Introduction: Stereotactic cingulotomy has been used to treat severe, refractory obsessive-compulsive disorder (OCD) for decades.[1] However, while cingulotomy is believed to disrupt reentrant fronto-striato-thalamic circuitry (FSTC), how cingulotomy modifies this circuit is unknown.[2] We retrospectively analyzed preoperative and postoperative neuroimaging, using diffusion tensor imaging (DTI) and voxel based morphometry (VBM) techniques, in patients who underwent cingulotomy for OCD, to determine how non-lesioned sites adapted postoperatively.

Methods: Five patients were selected who received preoperative and one year postoperative volumetric T1 images. For each patient, whole brain gray matter partial volume changes were calculated in MNI standard space using the FSL VBM toolkit.[3,4] Results were cluster thresholded for significance using the FSL program easythresh. Additionally, four patients were selected who received diffusion tensor imaging both one year postoperatively, and either immediately before or after the surgery. FSL's tract based spatial statistics (TBSS) toolkit was used to construct patient specific fractional anisotropy skeletons, and the mean fractional anisotropy (FA) of the left and right anterior internal capsule was analyzed over time on a patient-specific basis.[5]

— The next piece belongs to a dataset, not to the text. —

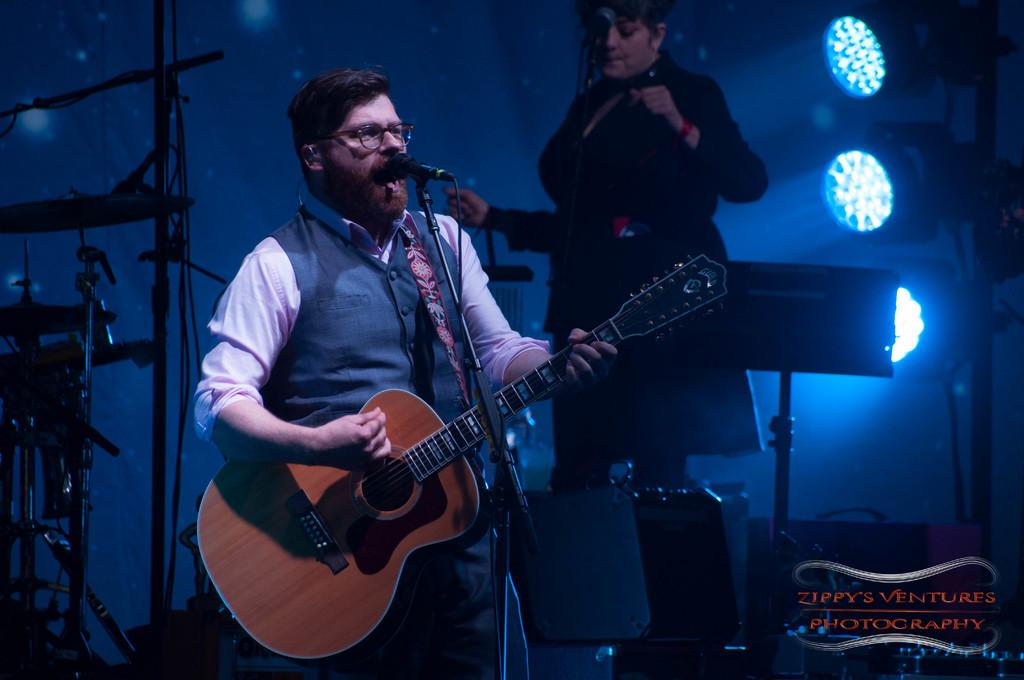What is the man in the image doing? The man is playing a guitar and singing in the image. What object is the man using to amplify his voice? The man is in front of a microphone. Who else is present in the image? There is a woman standing in the image. What can be seen behind the woman? There are focusing lights behind the woman. What type of grain is being harvested in the background of the image? There is no grain or harvesting activity present in the image.

Results: A significant gray matter volume reduction occurring over the postoperative year was seen for all patients in a right-sided cluster spanning the dorsolateral prefrontal, superior frontal and paracingulate cortex (figure 1, p = 0.008, corrected for multiple comparisons by threshold free cluster analysis.). Anterior internal capsule FA changes were then plotted for each of the four patients (Figure 2, 3). Compared to preoperative FA, a postoperative decrease in FA was seen in all patients at all time points in the right anterior internal capsule. While there were some decreases in FA on the left, this was not consistent across subjects.

Conclusions: Cingulotomy results in secondary alterations of the right prefrontal cortex and right anterior internal capsule, which develop within one year of surgery. These findings suggest that post-operative plasticity may account for some of the therapeutic effects of cingulotomy. Increased understanding of these circuits will assist with the development of novel therapies for OCD.

Patient Care: By describing the plasticity secondary to cingulotomy, a procedure known to be effective in select patients for treating severe refractory obsessive-compulsive disorder, we hope to contribute to the discussion of how neurosurgical techniques can best be utilized for treating severe refractory psychiatric disorders. Furthermore, these insights may aid in development of novel, less invasive therapies for OCD targeting these circuits. Additionally, by highlighting the potential use of neuroimaging analysis techniques, we hope to bolster the neuroimaging knowledge base of the stereotactic and functional community so further analyses can be undertaken to study post-operative plasticity.

Learning Objectives: By the conclusion of this session, participants should be able to: 1) Describe the role of the fronto-striato-thalamic circuitry in obsessive-compulsive disorder. 2) Understand the uses of neuroimaging analysis in elucidating postoperative plasticity after stereotactic lesioning. 3) Describe how the fronto-striato-thalamic circuitry adapts in the postoperative period after bilateral thermal lesioning of the dorsal anterior cingulate.

References: 1. Sheth, Sameer A., et al. "Limbic system surgery for treatment-refractory obsessive-compulsive disorder: a prospective long-term follow-up of 64 patients: Clinical article." Journal of neurosurgery 118.3 (2013): 491-497. 2. Chiu, Chen-Huan, et al. "White matter abnormalities of fronto-striato-thalamic circuitry in obsessive–compulsive disorder: A study using diffusion spectrum imaging tractography." Psychiatry Research: Neuroimaging 192.3 (2011): 176-182. 3. Li, Mingli, et al. "Voxel-based morphometric analysis on the volume of gray matter in bipolar I disorder." Psychiatry Research: Neuroimaging 191.2 (2011): 92-97. 4. Douaud, Gwenaëlle, et al. "Anatomically related grey and white matter abnormalities in adolescent-onset schizophrenia." Brain 130.9 (2007): 2375-2386. 5. Smith, Stephen M., et al. "Tract-based spatial statistics: voxelwise analysis of multi-subject diffusion data." Neuroimage 31.4 (2006): 1487-1505.